C++: function creation using array

Write a function which has:

input: array of pairs (unique id and weight) length of N, K =< N  
output: K random unique ids (from input array)  

Note: being called many times frequency of appearing of some Id in the output should be greater the more weight it has. Example: id with weight of 5 should appear in the output 5 times more often than id with weight of 1. Also, the amount of memory allocated should be known at compile time, i.e. no additional memory should be allocated.
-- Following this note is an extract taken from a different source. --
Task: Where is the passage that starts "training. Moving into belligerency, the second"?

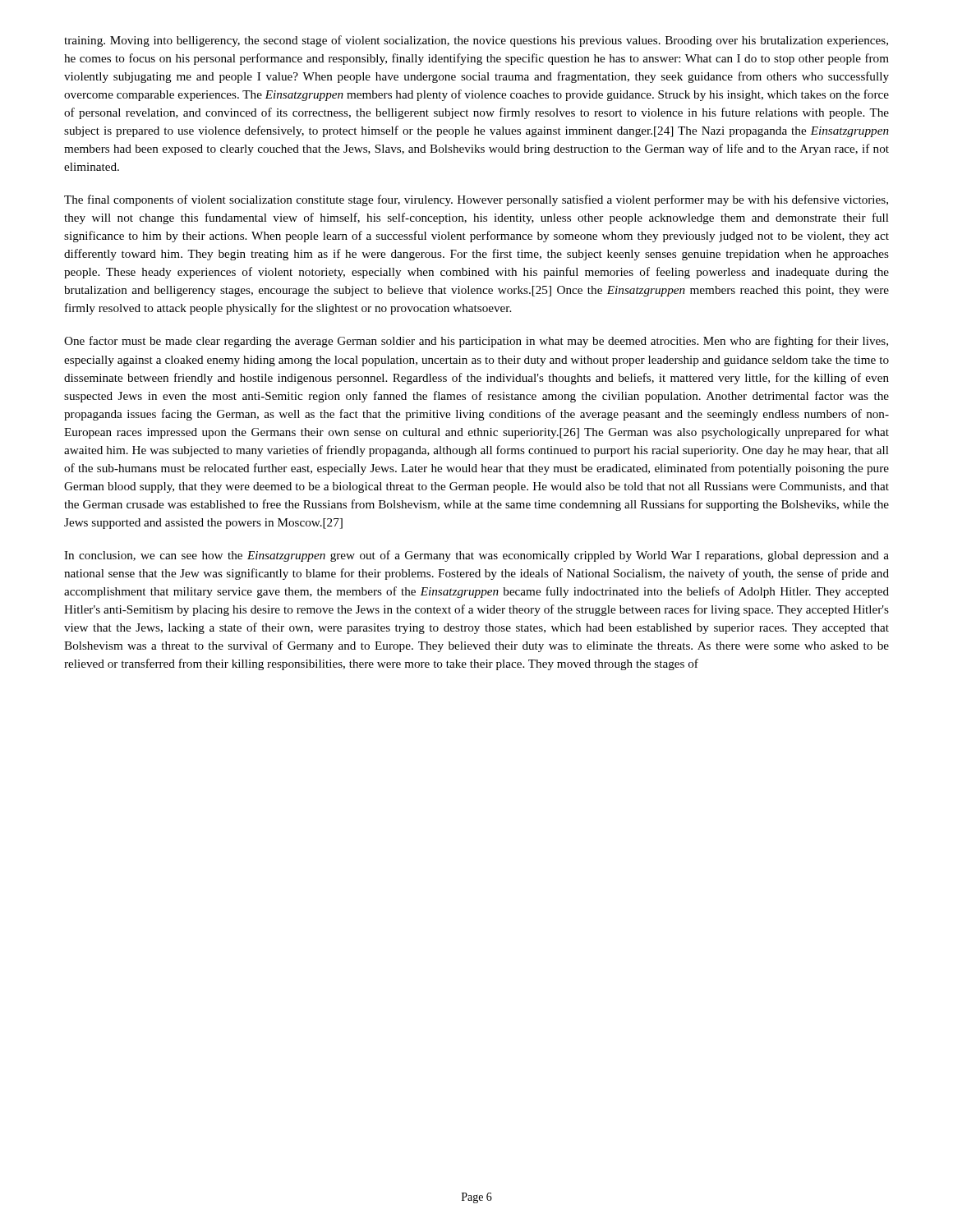Action: coord(476,103)

My question is: how to solve this task?

EDIT thanks for responses everybody! currently I can't understand how weight of pair affects frequency of appearance of pair in the output, can you give me more clear, "for dummy" explanation of how it works?

Answers


My short answer: in no way.

Just because the problem definition is incorrect. As Axn brilliantly noticed:

There is a little bit of contradiction going on in the requirement. It states that K <= N. But as K approaches N, the frequency requirement will be contradicted by the Uniqueness requirement. Worst case, if K=N, all elements will be returned (i.e appear with same frequency), irrespective of their weight.

Anyway, when K is pretty small relative to N, calculated frequencies will be pretty close to theoretical values.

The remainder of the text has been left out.